Summer may be all gone, but legendary U.K. DJ, radio personality, producer and performer Pete Tong gave us one last taste on Oct. 1, playing a coda to Piknic Électronik (on its now-familiarly-homelike new site) for a one-off autumn edition of Igloofest to get us ready for that brand of winter heat.

Following a Piknic season that boasted heavy headliners like Josh Wink, Motor City Drum Ensemble, Seth Troxler, the Black Madonna and Tomas Prins among its guests, the extra treat with Tong made for a great last hurrah, and gave me a chance to sit down with an icon and discuss his soul roots, his latest project, his part in hip hop history, and how the global dance movement keeps its best parts intact.

Darcy MacDonald: So what do you get more satisfaction from, hosting your radio shows or playing out?

Pete Tong:  My whole raison d’être, and what I was drawn in by to begin with, is discovering music and getting it out to people, and that started for me as a kid, as a DJ. DJing took over my life, and back then, of course, DJs weren’t known as performers or producers, so getting on the radio was how to make a name.

My first gig (around age 15) was a school disco, and then I did a party in a hall in the small town outside London where I lived. My dad helped and I went around putting posters on trees, and my friends all came.

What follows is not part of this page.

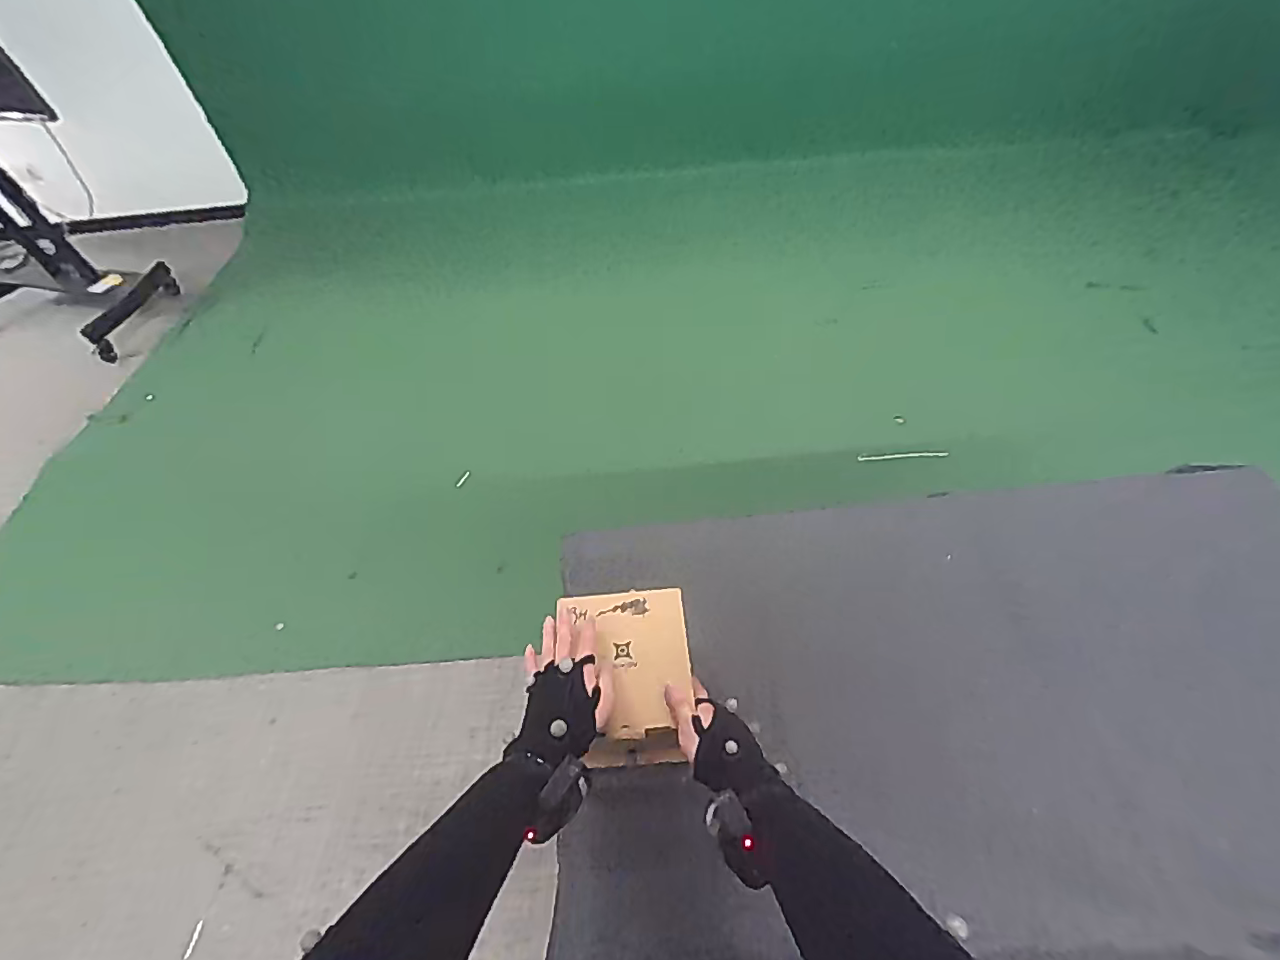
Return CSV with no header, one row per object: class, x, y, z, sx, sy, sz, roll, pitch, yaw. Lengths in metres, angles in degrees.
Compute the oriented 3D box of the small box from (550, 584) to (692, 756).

Whatever got me more involved in this business, I wanted to be part of. Radio and soundsystems were it. I was a soundsystem guy [Author’s Note: travelling DJ set-ups popularized in early ’60s Jamaica] and by providing equipment for bigger-name DJs, I wheedled my way in.

DM: What advantage do you feel that being a DJ before the advent of modern club sounds gave you as new genres began to emerge back then?

PT: It gave me very deep roots. Early on I was very into – and known for playing – funk, soul and jazz. It has to have soul. And I can find soul wherever it is, in the most minimal techno record.

I was always very into playing rare groove, records no one else can get, and I did my time hunting through record stores around the globe.

An old friend of mine passed away this morning, actually. Mick Clark, to give him a name check. He actually signed Soul II Soul, Maxi Priest, Leftfield and Grooverider. He was a great influence to me, and he actually worked behind the counter of a record store called City Sounds. I bought a lot of music there in my teens. That shop had a huge influence on the making of me.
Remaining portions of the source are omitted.